Армия Карла XII нуждалась в отдыхе и продовольствии. Ни того ни другого шведы на Украине не обрели. Они оказались в кольце русской армии и вместо покоя подвергались постоянным нападениям русской конницы и украинских партизан. В обстановке необычно суровой для этих мест зимы вместо теплых квартир им пришлось довольствоваться открытым небом. На Украине велась так называемая малая война. Крупных сражений царь избегал, оберегая главные силы от возможных неудач. В «деле» находились небольшие «партии», охотившиеся за языками и нападавшие на обозы и фуражиров. Во время одного из таких нападений шведский король едва не оказался в плену. Не заметив отступления своих рейтар, он с несколькими солдатами вынужден был искать спасения на мельнице. Этот эпизод описан в «Журнале, или Поденной записке» Петра: мельница «нашими людьми была окружена, и ежели б не застигла ночная темнота, то б он, конечно, тут взят был».[297]297
  Журнал, или Поденная записка императора Петра Великого. Ч. I. С. 184–185, 200.


[Закрыть]

Жестокие морозы сменились внезапной оттепелью. 12 февраля 1709 года разразилась гроза с сильным ливнем. Реки и речушки выступили из берегов, так что русской и шведской пехоте пришлось передвигаться в ледяной воде. Отсутствие запасов продовольствия вынуждало шведов постоянно менять свою дислокацию. Вокруг мест своего сосредоточения они намеренно создавали пустыню, превращая населенные пункты в пепел и развалины. Тем самым, рассуждали в ставке шведского короля, русские войска, испытывая лишения, оставят их в покое.

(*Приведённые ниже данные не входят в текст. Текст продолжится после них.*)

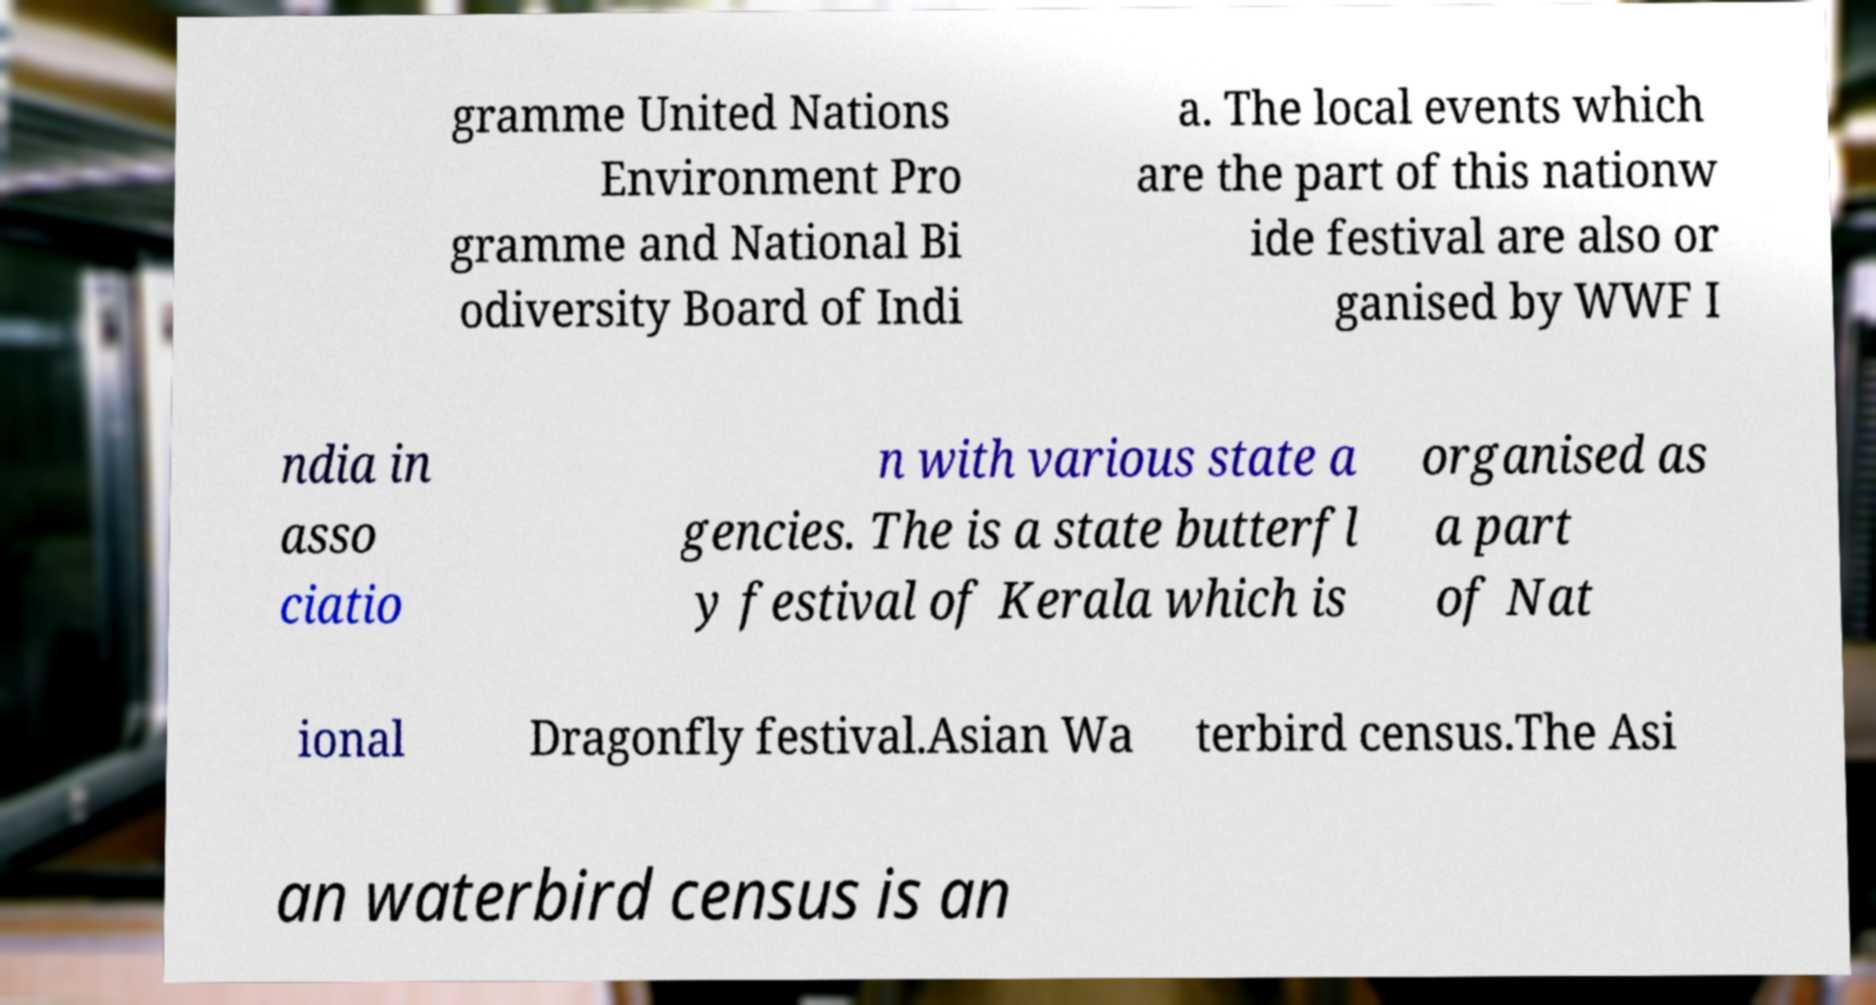Could you assist in decoding the text presented in this image and type it out clearly? gramme United Nations Environment Pro gramme and National Bi odiversity Board of Indi a. The local events which are the part of this nationw ide festival are also or ganised by WWF I ndia in asso ciatio n with various state a gencies. The is a state butterfl y festival of Kerala which is organised as a part of Nat ional Dragonfly festival.Asian Wa terbird census.The Asi an waterbird census is an 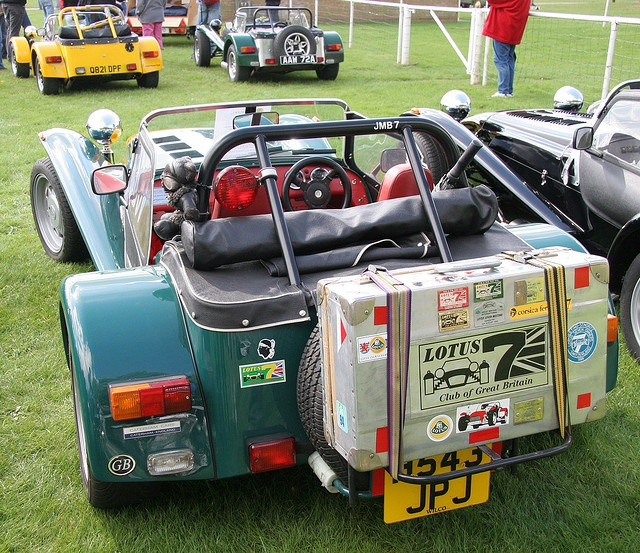Describe the objects in this image and their specific colors. I can see car in darkgray, black, lightgray, and gray tones, suitcase in darkgray, lightgray, olive, and black tones, car in darkgray, black, white, and gray tones, car in gray, black, and gold tones, and car in gray, darkgray, lightgray, and black tones in this image. 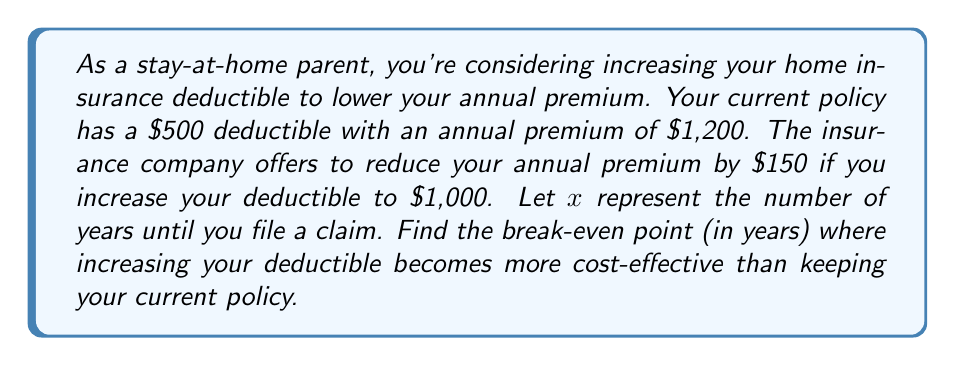Could you help me with this problem? To solve this problem, we need to compare the total cost of both options over time and find the point where they become equal. Let's break it down step-by-step:

1. Set up the cost functions:
   - Current policy: $f(x) = 1200x + 500$
   - New policy: $g(x) = 1050x + 1000$

   Where $x$ is the number of years and the constant term represents the deductible.

2. To find the break-even point, we set the two functions equal to each other:
   $$f(x) = g(x)$$
   $$1200x + 500 = 1050x + 1000$$

3. Solve for $x$:
   $$1200x - 1050x = 1000 - 500$$
   $$150x = 500$$
   $$x = \frac{500}{150} = \frac{10}{3} \approx 3.33$$

4. Interpret the result:
   The break-even point occurs at approximately 3.33 years. This means:
   - If you file a claim before 3.33 years, keeping the current policy is more cost-effective.
   - If you file a claim after 3.33 years, increasing the deductible is more cost-effective.

5. Verify the result:
   At $x = \frac{10}{3}$ years:
   $$f(\frac{10}{3}) = 1200 \cdot \frac{10}{3} + 500 = 4000 + 500 = 4500$$
   $$g(\frac{10}{3}) = 1050 \cdot \frac{10}{3} + 1000 = 3500 + 1000 = 4500$$

   This confirms that both options have the same total cost at the break-even point.
Answer: The break-even point is $\frac{10}{3}$ years (approximately 3.33 years). 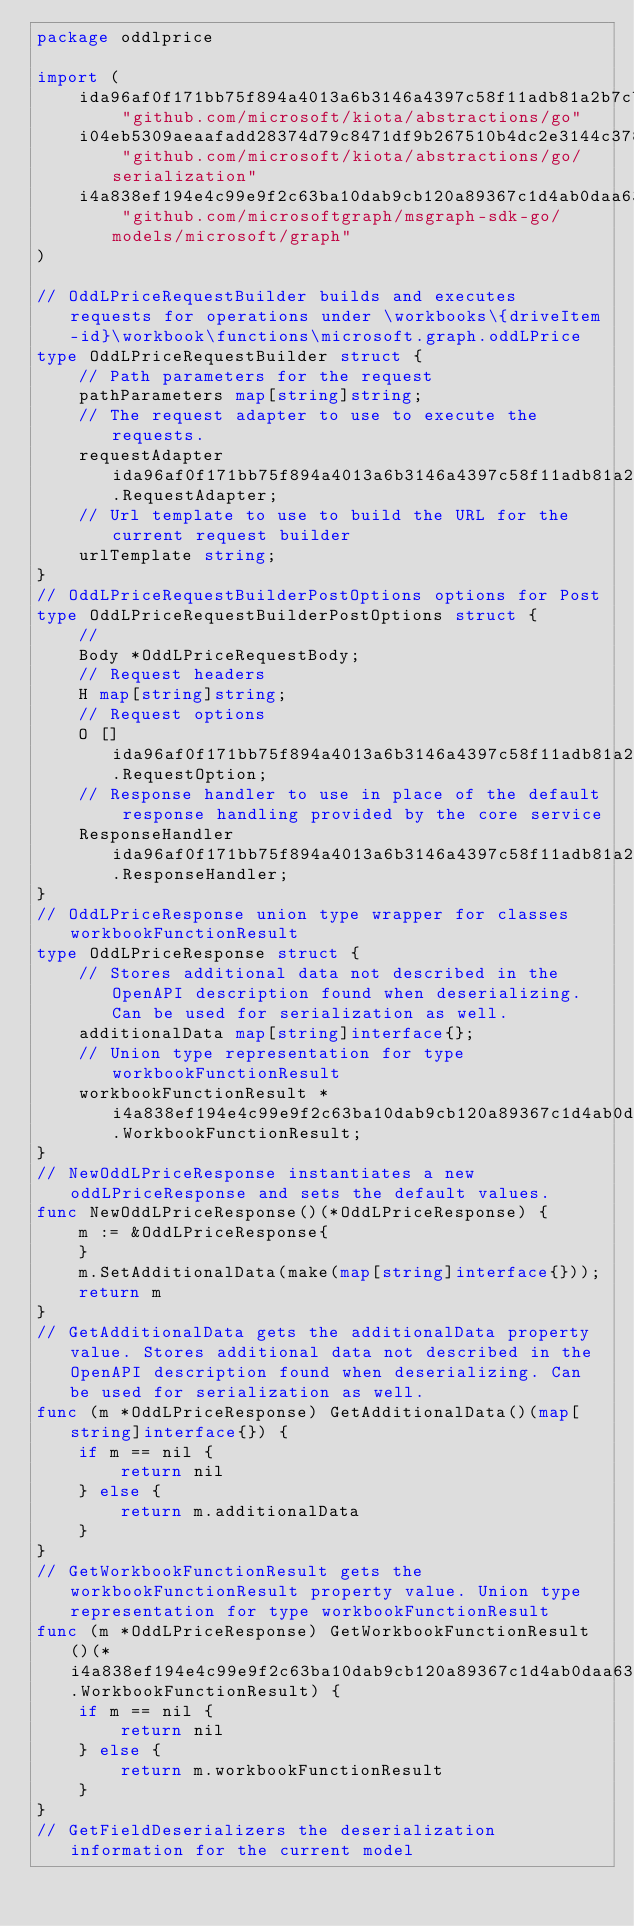Convert code to text. <code><loc_0><loc_0><loc_500><loc_500><_Go_>package oddlprice

import (
    ida96af0f171bb75f894a4013a6b3146a4397c58f11adb81a2b7cbea9314783a9 "github.com/microsoft/kiota/abstractions/go"
    i04eb5309aeaafadd28374d79c8471df9b267510b4dc2e3144c378c50f6fd7b55 "github.com/microsoft/kiota/abstractions/go/serialization"
    i4a838ef194e4c99e9f2c63ba10dab9cb120a89367c1d4ab0daa63bb424e20d87 "github.com/microsoftgraph/msgraph-sdk-go/models/microsoft/graph"
)

// OddLPriceRequestBuilder builds and executes requests for operations under \workbooks\{driveItem-id}\workbook\functions\microsoft.graph.oddLPrice
type OddLPriceRequestBuilder struct {
    // Path parameters for the request
    pathParameters map[string]string;
    // The request adapter to use to execute the requests.
    requestAdapter ida96af0f171bb75f894a4013a6b3146a4397c58f11adb81a2b7cbea9314783a9.RequestAdapter;
    // Url template to use to build the URL for the current request builder
    urlTemplate string;
}
// OddLPriceRequestBuilderPostOptions options for Post
type OddLPriceRequestBuilderPostOptions struct {
    // 
    Body *OddLPriceRequestBody;
    // Request headers
    H map[string]string;
    // Request options
    O []ida96af0f171bb75f894a4013a6b3146a4397c58f11adb81a2b7cbea9314783a9.RequestOption;
    // Response handler to use in place of the default response handling provided by the core service
    ResponseHandler ida96af0f171bb75f894a4013a6b3146a4397c58f11adb81a2b7cbea9314783a9.ResponseHandler;
}
// OddLPriceResponse union type wrapper for classes workbookFunctionResult
type OddLPriceResponse struct {
    // Stores additional data not described in the OpenAPI description found when deserializing. Can be used for serialization as well.
    additionalData map[string]interface{};
    // Union type representation for type workbookFunctionResult
    workbookFunctionResult *i4a838ef194e4c99e9f2c63ba10dab9cb120a89367c1d4ab0daa63bb424e20d87.WorkbookFunctionResult;
}
// NewOddLPriceResponse instantiates a new oddLPriceResponse and sets the default values.
func NewOddLPriceResponse()(*OddLPriceResponse) {
    m := &OddLPriceResponse{
    }
    m.SetAdditionalData(make(map[string]interface{}));
    return m
}
// GetAdditionalData gets the additionalData property value. Stores additional data not described in the OpenAPI description found when deserializing. Can be used for serialization as well.
func (m *OddLPriceResponse) GetAdditionalData()(map[string]interface{}) {
    if m == nil {
        return nil
    } else {
        return m.additionalData
    }
}
// GetWorkbookFunctionResult gets the workbookFunctionResult property value. Union type representation for type workbookFunctionResult
func (m *OddLPriceResponse) GetWorkbookFunctionResult()(*i4a838ef194e4c99e9f2c63ba10dab9cb120a89367c1d4ab0daa63bb424e20d87.WorkbookFunctionResult) {
    if m == nil {
        return nil
    } else {
        return m.workbookFunctionResult
    }
}
// GetFieldDeserializers the deserialization information for the current model</code>

Между тем Петр не намеревался создавать захватчикам спокойную жизнь. Было решено сформировать достаточно сильный и мобильный отряд для нанесения молниеносных и дерзких ударов по неприятелю. Командование этим отрядом было поручено Меншикову, но светлейшего царь вызвал в Воронеж, и руководство операцией перешло к Шереметеву. Фельдмаршал с заданием не справился. Он был хорош и даже незаменим в операциях, где требовались осторожность, расчетливость, выдержка. Он умел педантично и с большим успехом «томить» неприятеля и изнурять его силы. Здесь же надлежало проявить качества, органически чуждые Шереметеву: азарт, дерзость, внезапность, риск.

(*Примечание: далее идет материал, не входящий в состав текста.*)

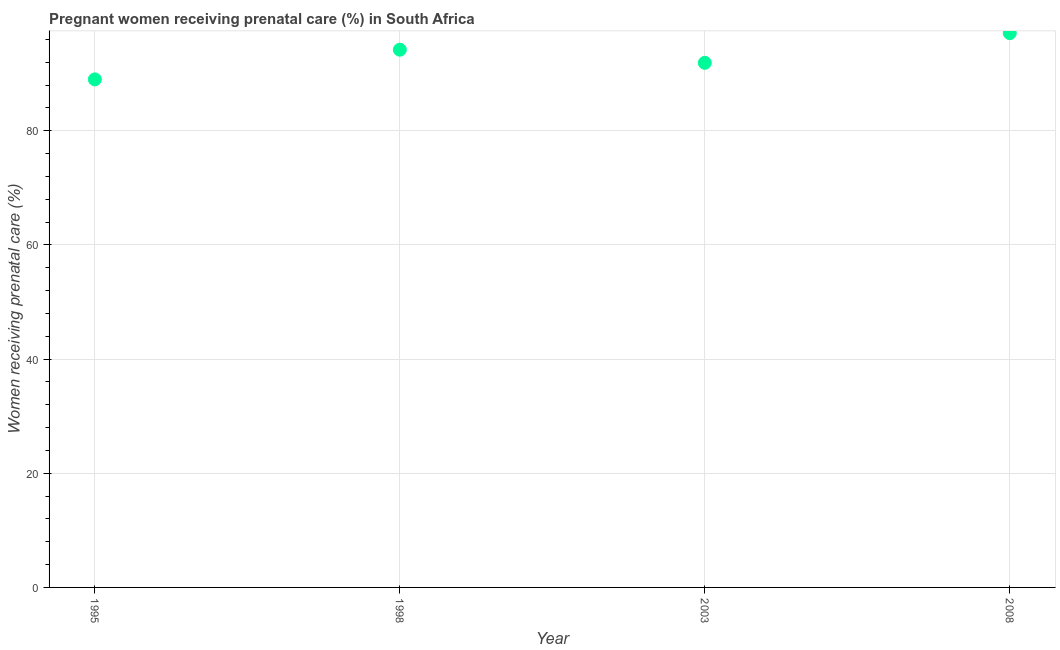What is the percentage of pregnant women receiving prenatal care in 2003?
Your response must be concise. 91.9. Across all years, what is the maximum percentage of pregnant women receiving prenatal care?
Provide a short and direct response. 97.1. Across all years, what is the minimum percentage of pregnant women receiving prenatal care?
Offer a terse response. 89. In which year was the percentage of pregnant women receiving prenatal care minimum?
Ensure brevity in your answer.  1995. What is the sum of the percentage of pregnant women receiving prenatal care?
Give a very brief answer. 372.2. What is the difference between the percentage of pregnant women receiving prenatal care in 1995 and 2008?
Your response must be concise. -8.1. What is the average percentage of pregnant women receiving prenatal care per year?
Offer a very short reply. 93.05. What is the median percentage of pregnant women receiving prenatal care?
Provide a short and direct response. 93.05. In how many years, is the percentage of pregnant women receiving prenatal care greater than 40 %?
Offer a very short reply. 4. Do a majority of the years between 2003 and 1998 (inclusive) have percentage of pregnant women receiving prenatal care greater than 8 %?
Your answer should be very brief. No. What is the ratio of the percentage of pregnant women receiving prenatal care in 1998 to that in 2008?
Your response must be concise. 0.97. Is the difference between the percentage of pregnant women receiving prenatal care in 1998 and 2008 greater than the difference between any two years?
Make the answer very short. No. What is the difference between the highest and the second highest percentage of pregnant women receiving prenatal care?
Make the answer very short. 2.9. Is the sum of the percentage of pregnant women receiving prenatal care in 1998 and 2008 greater than the maximum percentage of pregnant women receiving prenatal care across all years?
Keep it short and to the point. Yes. What is the difference between the highest and the lowest percentage of pregnant women receiving prenatal care?
Offer a very short reply. 8.1. In how many years, is the percentage of pregnant women receiving prenatal care greater than the average percentage of pregnant women receiving prenatal care taken over all years?
Keep it short and to the point. 2. Are the values on the major ticks of Y-axis written in scientific E-notation?
Offer a terse response. No. Does the graph contain any zero values?
Your answer should be very brief. No. Does the graph contain grids?
Keep it short and to the point. Yes. What is the title of the graph?
Your answer should be very brief. Pregnant women receiving prenatal care (%) in South Africa. What is the label or title of the X-axis?
Your response must be concise. Year. What is the label or title of the Y-axis?
Ensure brevity in your answer.  Women receiving prenatal care (%). What is the Women receiving prenatal care (%) in 1995?
Offer a very short reply. 89. What is the Women receiving prenatal care (%) in 1998?
Provide a succinct answer. 94.2. What is the Women receiving prenatal care (%) in 2003?
Your response must be concise. 91.9. What is the Women receiving prenatal care (%) in 2008?
Provide a succinct answer. 97.1. What is the difference between the Women receiving prenatal care (%) in 1995 and 1998?
Make the answer very short. -5.2. What is the difference between the Women receiving prenatal care (%) in 1998 and 2008?
Ensure brevity in your answer.  -2.9. What is the difference between the Women receiving prenatal care (%) in 2003 and 2008?
Offer a terse response. -5.2. What is the ratio of the Women receiving prenatal care (%) in 1995 to that in 1998?
Your response must be concise. 0.94. What is the ratio of the Women receiving prenatal care (%) in 1995 to that in 2008?
Provide a succinct answer. 0.92. What is the ratio of the Women receiving prenatal care (%) in 2003 to that in 2008?
Make the answer very short. 0.95. 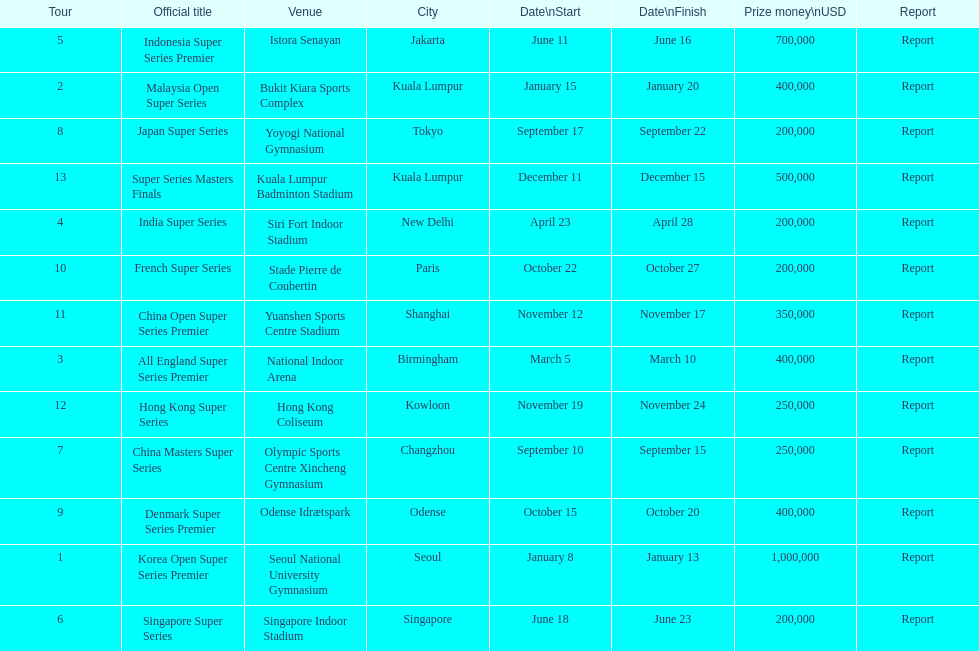Which has the same prize money as the french super series? Japan Super Series, Singapore Super Series, India Super Series.

Поначалу Борису Петровичу сопутствовал успех: он разгромил небольшой отряд шведов (около 450 человек) и захватил в плен полковника. Царь из Воронежа поздравил фельдмаршала, но предупредил, что с нетерпением ждет известий о победах над более значительными силами неприятеля.[298]298
  ПБ. Т. IX. Вып. 1. М., 1950. С. 103.


[Закрыть]

Ожидания оказались тщетными. Шереметеву предстояло уничтожить крупный отряд шведского генерала Крейца, но фельдмаршал проявил столько нерешительности и осторожности, что шведы благополучно оторвались от русских войск и ушли невредимыми. Царь был крайне недоволен действиями Бориса Петровича и свой гнев выразил тем, что отобрал у него Преображенский полк, передав его под начало Меншикова.

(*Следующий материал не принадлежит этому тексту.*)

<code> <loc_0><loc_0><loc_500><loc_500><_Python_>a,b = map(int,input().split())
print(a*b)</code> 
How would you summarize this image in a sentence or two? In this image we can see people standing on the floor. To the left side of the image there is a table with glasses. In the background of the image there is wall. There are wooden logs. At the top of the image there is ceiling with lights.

Уязвленный Шереметев стал оправдываться «великим разлитием реки Сулы», делал вид, что никак не может понять, в чем его вина, и спрашивал у Петра: «…за какое мое преступление перед вашим величеством» подвергнут каре? Однако фельдмаршал не добился ощутимых успехов и 22 апреля, когда предпринял атаку у местечка Решетиловка, где было сосредоточено семь полков шведской кавалерии. Собственно, атака не состоялась, ибо Шереметеву не удалось скрытно подойти к местечку. Шведы, своевременно обнаружив приближение главных сил русских, благополучно отошли, так что фельдмаршалу пришлось довольствоваться лишь трофеями – гуртом скота и провиантом.

С начала апреля 1709 года внимание Карла XII было приковано к Полтаве. Он решил во что бы то ни стало овладеть этой крепостью, обнесенной всего лишь дубовыми стенами. В случае если бы королю удалось принудить гарнизон Полтавы к сдаче, облегчились бы коммуникации его армии с Крымом и особенно с Польшей, где находились значительные силы шведов под командованием генерала Крассау. Упоминавшийся выше Гилленкрок вновь передает свой разговор с Карлом XII, состоявшийся в двадцатых числах апреля. Диалог выявляет столько же королевской самоуверенности, сколько полнейшего пренебрежения к русским. За это королю пришлось жестоко поплатиться, а пока он не принимал никаких доводов.

Гилленкрок. Разве ваше величество намерены осаждать Полтаву?

Король. Да, и вы должны составить диспозицию осады и сказать нам заранее, в какой день мы завладеем городом; так делает Вобан во Франции, а вы здесь маленький Вобан.

Гилленкрок. Я полагаю, что и сам Вобан, великий инженер и генерал, увидел бы себя в немалом затруднении, потому что не имел бы под рукой того, что нужно для осады.

Король. У нас довольно всего, что может быть нужно против Полтавы. Полтава – крепость ничтожная.

Гилленкрок. Крепость, конечно, не из сильных; но по многочисленному гарнизону из 4 тысяч русских, кроме казаков, Полтава не слаба.

Король. Когда русские увидят, что мы хотим атаковать, то после первого выстрела сдадутся все.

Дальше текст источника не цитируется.